If you have fibromyalgia then you probably feel like your mind is slowly slipping away while your body has turned against you. The experience of memory loss in fibromyalgia is very real, and it can be frightening.
It is important to know that what you are experiencing is real, but is a result of a natural reaction of the body to the stress caused by fibromyalgia. It is something that can be handled and you can regain your composure, and your ability to function at a level that is much better than where you may be now.
How does it affect memory?
Many people report that they experience memory loss during the course of their experience with fibromyalgia. What is uncertain is whether this is a symptom of fibromyalgia, or if it is a result of the stress of the constellation of symptoms that this chronic disease can present. There is also the possibility that some of the common and popular medications used to relieve fibromyalgia can cause memory loss too.

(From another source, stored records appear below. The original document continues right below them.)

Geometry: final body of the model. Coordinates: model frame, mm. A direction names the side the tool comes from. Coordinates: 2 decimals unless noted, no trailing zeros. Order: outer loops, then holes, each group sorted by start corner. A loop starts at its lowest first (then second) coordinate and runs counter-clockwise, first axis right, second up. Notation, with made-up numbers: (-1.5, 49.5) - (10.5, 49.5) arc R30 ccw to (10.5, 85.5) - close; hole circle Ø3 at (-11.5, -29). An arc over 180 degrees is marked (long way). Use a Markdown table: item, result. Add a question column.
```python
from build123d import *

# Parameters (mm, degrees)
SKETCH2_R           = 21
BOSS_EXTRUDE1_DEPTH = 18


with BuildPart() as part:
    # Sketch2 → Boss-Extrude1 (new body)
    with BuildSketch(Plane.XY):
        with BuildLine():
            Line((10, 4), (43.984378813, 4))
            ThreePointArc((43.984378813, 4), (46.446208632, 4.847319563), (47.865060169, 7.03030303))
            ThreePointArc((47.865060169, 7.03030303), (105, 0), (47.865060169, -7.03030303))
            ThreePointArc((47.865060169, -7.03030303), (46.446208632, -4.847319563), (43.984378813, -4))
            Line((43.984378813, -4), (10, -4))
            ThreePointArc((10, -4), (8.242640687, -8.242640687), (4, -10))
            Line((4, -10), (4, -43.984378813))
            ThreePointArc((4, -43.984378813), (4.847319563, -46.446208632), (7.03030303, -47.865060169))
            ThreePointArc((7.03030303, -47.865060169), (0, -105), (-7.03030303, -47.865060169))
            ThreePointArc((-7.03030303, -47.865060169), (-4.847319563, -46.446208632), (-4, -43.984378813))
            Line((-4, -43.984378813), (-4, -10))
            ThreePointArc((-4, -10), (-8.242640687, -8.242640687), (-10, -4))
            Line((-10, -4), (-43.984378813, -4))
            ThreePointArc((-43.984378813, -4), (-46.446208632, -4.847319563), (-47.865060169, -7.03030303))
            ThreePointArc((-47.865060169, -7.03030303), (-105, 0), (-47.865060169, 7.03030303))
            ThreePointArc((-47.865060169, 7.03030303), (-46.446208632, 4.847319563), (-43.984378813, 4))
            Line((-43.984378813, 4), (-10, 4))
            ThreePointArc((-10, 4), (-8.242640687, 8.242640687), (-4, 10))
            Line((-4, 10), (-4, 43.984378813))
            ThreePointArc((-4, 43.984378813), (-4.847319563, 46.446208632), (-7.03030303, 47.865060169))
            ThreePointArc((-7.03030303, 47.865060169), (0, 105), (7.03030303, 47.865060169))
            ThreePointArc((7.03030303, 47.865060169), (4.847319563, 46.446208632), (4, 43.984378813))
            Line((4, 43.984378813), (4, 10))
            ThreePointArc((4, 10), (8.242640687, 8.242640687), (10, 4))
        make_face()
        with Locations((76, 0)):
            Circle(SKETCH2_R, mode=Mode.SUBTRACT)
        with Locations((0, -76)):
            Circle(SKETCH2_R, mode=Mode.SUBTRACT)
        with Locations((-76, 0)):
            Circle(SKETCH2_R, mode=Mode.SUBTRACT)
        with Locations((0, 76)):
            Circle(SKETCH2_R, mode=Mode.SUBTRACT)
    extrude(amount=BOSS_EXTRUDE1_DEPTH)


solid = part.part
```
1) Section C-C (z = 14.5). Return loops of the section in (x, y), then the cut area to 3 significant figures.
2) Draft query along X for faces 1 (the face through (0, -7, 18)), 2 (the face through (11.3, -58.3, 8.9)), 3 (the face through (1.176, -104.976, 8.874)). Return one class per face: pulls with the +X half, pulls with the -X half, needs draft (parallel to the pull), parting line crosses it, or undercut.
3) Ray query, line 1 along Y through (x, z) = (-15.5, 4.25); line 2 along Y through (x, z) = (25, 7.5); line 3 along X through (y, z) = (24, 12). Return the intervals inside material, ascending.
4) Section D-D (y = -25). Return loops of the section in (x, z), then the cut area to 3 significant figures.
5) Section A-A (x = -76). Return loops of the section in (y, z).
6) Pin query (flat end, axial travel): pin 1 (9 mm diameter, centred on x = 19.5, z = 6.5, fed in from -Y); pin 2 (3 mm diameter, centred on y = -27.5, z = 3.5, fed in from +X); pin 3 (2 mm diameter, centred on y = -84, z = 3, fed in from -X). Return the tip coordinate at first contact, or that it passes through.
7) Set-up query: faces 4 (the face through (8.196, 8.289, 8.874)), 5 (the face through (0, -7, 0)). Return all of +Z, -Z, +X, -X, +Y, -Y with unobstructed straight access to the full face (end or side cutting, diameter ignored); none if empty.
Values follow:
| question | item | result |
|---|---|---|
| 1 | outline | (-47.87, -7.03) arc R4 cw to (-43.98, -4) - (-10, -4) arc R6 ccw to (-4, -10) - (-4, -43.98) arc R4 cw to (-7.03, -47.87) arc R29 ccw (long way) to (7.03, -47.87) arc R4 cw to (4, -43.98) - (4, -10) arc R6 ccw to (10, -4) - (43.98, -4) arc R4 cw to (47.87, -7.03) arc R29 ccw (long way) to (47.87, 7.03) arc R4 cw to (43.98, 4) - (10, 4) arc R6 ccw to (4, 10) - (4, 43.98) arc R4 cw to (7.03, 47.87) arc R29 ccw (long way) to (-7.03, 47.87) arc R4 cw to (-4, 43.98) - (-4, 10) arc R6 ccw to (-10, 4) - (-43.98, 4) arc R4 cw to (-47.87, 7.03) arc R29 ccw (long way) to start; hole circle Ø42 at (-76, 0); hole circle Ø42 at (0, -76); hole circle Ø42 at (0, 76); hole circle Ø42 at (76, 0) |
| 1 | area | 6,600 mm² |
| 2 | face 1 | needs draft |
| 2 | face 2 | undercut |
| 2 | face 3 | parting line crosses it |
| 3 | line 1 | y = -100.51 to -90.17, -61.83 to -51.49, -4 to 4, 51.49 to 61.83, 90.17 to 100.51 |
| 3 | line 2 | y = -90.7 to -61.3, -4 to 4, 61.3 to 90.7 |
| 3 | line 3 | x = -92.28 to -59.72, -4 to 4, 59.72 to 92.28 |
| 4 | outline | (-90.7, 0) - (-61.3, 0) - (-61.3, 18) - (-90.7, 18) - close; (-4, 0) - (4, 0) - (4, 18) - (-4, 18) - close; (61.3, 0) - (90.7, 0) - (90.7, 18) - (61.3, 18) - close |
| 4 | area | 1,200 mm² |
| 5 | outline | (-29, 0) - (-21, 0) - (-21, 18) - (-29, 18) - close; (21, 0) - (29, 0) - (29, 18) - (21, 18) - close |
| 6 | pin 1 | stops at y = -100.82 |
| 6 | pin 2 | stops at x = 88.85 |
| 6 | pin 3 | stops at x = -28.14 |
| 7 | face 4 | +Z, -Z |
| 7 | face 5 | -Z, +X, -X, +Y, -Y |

Memory loss versus the “fibro fog”
The term memory loss refers to a very specific deterioration of brain processes. What many people experience with fibromyalgia, and is considered one of the hallmarks of the disease, is a loss of focus and concentration. A loss of focus and concentration is not memory loss, although it can be a part of a condition that can exist with memory loss. The loss of focus and concentration is often called the “fibro fog”, where people feel like they can never really “wake-up” or connect with the world. This may be more of a result of the cumulative effect of chronic pain on memory and thinking that would fit with the constellation of symptoms found with fibromyalgia.
The cumulative effect of chronic pain on memory
All pain, inflammation, infection and illness is a stress upon the body. When the body is under stress it does not care what the cause of the stress is, or even whether it is a good type of stress (such as proposing marriage). The body will react in the same way by releasing hormones such as cortisol. When you have a condition with chronic pain or inflammation, the body is always under stress and is releasing constant stress hormones. The body cannot process the hormones quickly enough and the buildup in the system can then lead to memory loss in fibromyalgia. Control the pain and inflammation, and you can help to reduce the stress reaction and improve your focus and concentration.
What are the best treatments for fibromyalgia?
A wonderful way to help beat memory loss with fibromyalgia is to learn to meditate. You can meditate to decrease your fibromyalgia symptoms, and it will also improve your overall mental and emotional health too. Meditation can help you to manage your pain, improve your thinking and give you a needed break from the stress of chronic illness. Another highly recommended treatment is to engage in yoga, qi gong or tai chi. These are exercise methods that have an emphasis on circulation and breathing, plus they will help you to maintain a healthy body weight too.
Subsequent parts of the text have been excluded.